C’est aussi l’avis de Nicole de Cerjat, responsable du service juridique de la Société suisse des employés de commerce. Si la majorité des employés de commerce peuvent faire du télétravail, certains n’ont pas cette option, pour des questions de matériel informatique ou d’infrastructures, mais aussi parce qu’ils travaillent à la réception des entreprises, ou doivent coordonner l’envoi de commandes.

«Certains se sentent lésés parce qu’ils auraient aussi envie d’être à la maison, et pendant le semi-confinement surtout, ils ont eu l’impression de prendre plus de risques que les autres. La différence, c’est qu’avant, être au bureau était autant requis pour ces personnes que pour les autres au sein de l’entreprise. Mais attention, prévient Nicole de Cerjat: d’autres employés ne supportent plus d’être contraints au télétravail. Et on sait que ne pas exercer sur place peut s’avérer plus difficile pour faire carrière. Les inégalités vont donc dans les deux sens.» Elle ajoute: «Il y a toujours eu, au sein de certaines entreprises, un décalage entre ceux dont les horaires sont libres et ceux dont les horaires sont fixes en raison de leur métier.»

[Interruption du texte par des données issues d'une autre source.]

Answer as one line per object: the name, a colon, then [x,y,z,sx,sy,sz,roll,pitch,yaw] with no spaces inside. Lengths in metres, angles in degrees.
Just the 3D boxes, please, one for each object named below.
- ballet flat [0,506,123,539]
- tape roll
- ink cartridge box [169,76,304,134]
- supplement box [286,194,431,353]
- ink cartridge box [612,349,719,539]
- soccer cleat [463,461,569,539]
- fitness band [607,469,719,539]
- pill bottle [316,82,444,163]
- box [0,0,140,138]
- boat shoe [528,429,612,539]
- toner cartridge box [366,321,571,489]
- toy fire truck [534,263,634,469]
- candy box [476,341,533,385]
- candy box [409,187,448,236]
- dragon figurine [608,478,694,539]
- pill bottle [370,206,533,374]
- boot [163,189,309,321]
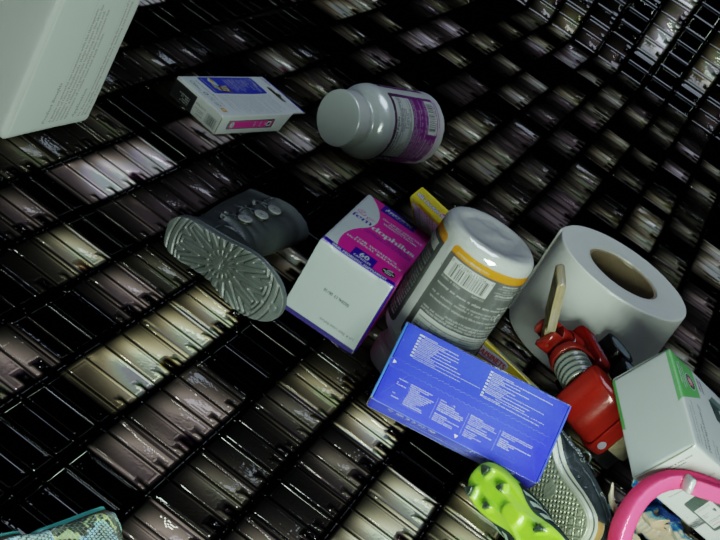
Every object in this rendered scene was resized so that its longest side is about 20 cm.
ballet flat: [-0.238,0.218,0.995,0.074,0.075,0.199,44,30,25]
tape roll: [0.318,0.055,1.888,0.201,0.140,0.203,26,25,-13]
ink cartridge box: [-0.170,-0.234,1.965,0.095,0.037,0.199,41,28,21]
supplement box: [0.000,0.000,1.651,0.101,0.104,0.200,33,22,3]
ink cartridge box: [0.380,0.207,1.573,0.200,0.084,0.147,40,30,-32]
soccer cleat: [0.179,0.271,1.409,0.081,0.068,0.200,26,21,-46]
fitness band: [0.353,0.291,1.481,0.198,0.145,0.037,22,7,-22]
pill bottle: [0.028,-0.220,2.086,0.199,0.113,0.112,0,40,-51]
box: [-0.394,-0.294,1.601,0.199,0.200,0.171,36,24,12]
boat shoe: [0.217,0.223,1.535,0.062,0.075,0.201,19,32,-38]
toner cartridge box: [0.115,0.145,1.498,0.198,0.096,0.043,28,-18,2]
toy fire truck: [0.265,0.108,1.675,0.199,0.129,0.177,37,20,-31]
candy box: [0.142,0.091,1.686,0.200,0.026,0.102,44,0,23]
candy box: [0.111,-0.017,1.762,0.102,0.026,0.201,42,-16,24]
dragon figurine: [0.315,0.268,1.565,0.199,0.059,0.100,30,22,-31]
pill bottle: [0.099,0.038,1.575,0.115,0.201,0.117,26,25,-13]
boot: [-0.114,-0.022,1.610,0.164,0.066,0.200,40,20,11]

Une chose est certaine: si les questions autour de l’emploi et des technologies étaient déjà très discutées en société, le coronavirus a bouleversé toutes les prévisions. «Nous avons beaucoup appréhendé la numérisation du travail comme une menace, en pensant que les machines allaient nous remplacer, rappelle Nicky Le Feuvre. En cette période, elle a permis à beaucoup, pour l’instant, de préserver leurs postes. On réalise que dans l’hôtellerie ou la restauration, c’est l’absence de contact humain, plutôt que l’intelligence de la machine, qui menace les emplois. Et ça, on ne l’avait pas vraiment imaginé.»